Posted On: Jul. 19, 2015 12:00 AM CST

Top insurance brokers: Brown & Brown Inc.

Increased competition is making it more difficult for Brown & Brown Inc. to grow its business through acquisitions, but the brokerage continues to benefit from the deals it has already made.

Acquisitions are “crucial to their long-term growth outlook, but the market's not the right market for it now. There's a lot of competition from other brokers and private equity,” said Joshua Shanker, New York-based analyst at Deutsche Bank Securities Inc.

However, Brown & Brown has “demonstrated that they can grow the organization without making many mistakes, given the number of acquisitions they've done,” said John Wicher, principal at John Wicher & Associates Inc. in San Francisco. “There's a real opportunity for things to happen. They've demonstrated a consistent ability to attract good sellers.”

“We are continuing to actively look for acquisition candidates that fit culturally with Brown & Brown,” said brokerage President and CEO J. Powell Brown. “There seems to be a lot of competition in the space today, but we absolutely continue to look for people who would fit culturally, that we could consummate a transaction with.”

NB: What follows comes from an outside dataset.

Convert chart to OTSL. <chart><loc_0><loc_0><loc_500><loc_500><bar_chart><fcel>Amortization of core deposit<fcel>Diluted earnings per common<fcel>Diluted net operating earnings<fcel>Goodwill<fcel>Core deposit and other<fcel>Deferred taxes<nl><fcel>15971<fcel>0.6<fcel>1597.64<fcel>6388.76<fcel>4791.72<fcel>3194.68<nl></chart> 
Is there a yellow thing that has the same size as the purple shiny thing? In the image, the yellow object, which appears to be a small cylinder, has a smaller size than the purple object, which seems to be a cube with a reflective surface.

Despite the challenges, Brown & Brown increased its brokerage revenues 15.6% to $1.57 billion in 2014, making it No. 7 in the 2015 Business Insurance ranking of the world's largest brokers.

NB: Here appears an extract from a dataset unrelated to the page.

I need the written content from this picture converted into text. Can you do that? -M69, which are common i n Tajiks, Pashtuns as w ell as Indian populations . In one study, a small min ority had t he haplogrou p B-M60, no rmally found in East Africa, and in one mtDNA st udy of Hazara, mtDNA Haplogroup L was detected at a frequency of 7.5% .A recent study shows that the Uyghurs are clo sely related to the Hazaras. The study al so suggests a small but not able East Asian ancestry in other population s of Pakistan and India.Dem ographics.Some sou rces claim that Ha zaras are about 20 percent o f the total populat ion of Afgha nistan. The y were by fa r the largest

And it's still benefiting from past acquisitions, which Mr. Brown said achieved $160 million in annualized revenue last year, the largest since its founding in 1939.

The largest purchase in 2014 was the $602.5 million acquisition of Wright Insurance Group L.L.C. of Uniondale, New York, and Mr. Brown said all divisions will continue to seek acquisitions.

In June, for instance, Denver-based Brown & Brown of Colorado Inc. said it had acquired the assets of Englewood, Colorado-based Fitness Insurance L.L.C., which provides insurance for the health club and fitness industry.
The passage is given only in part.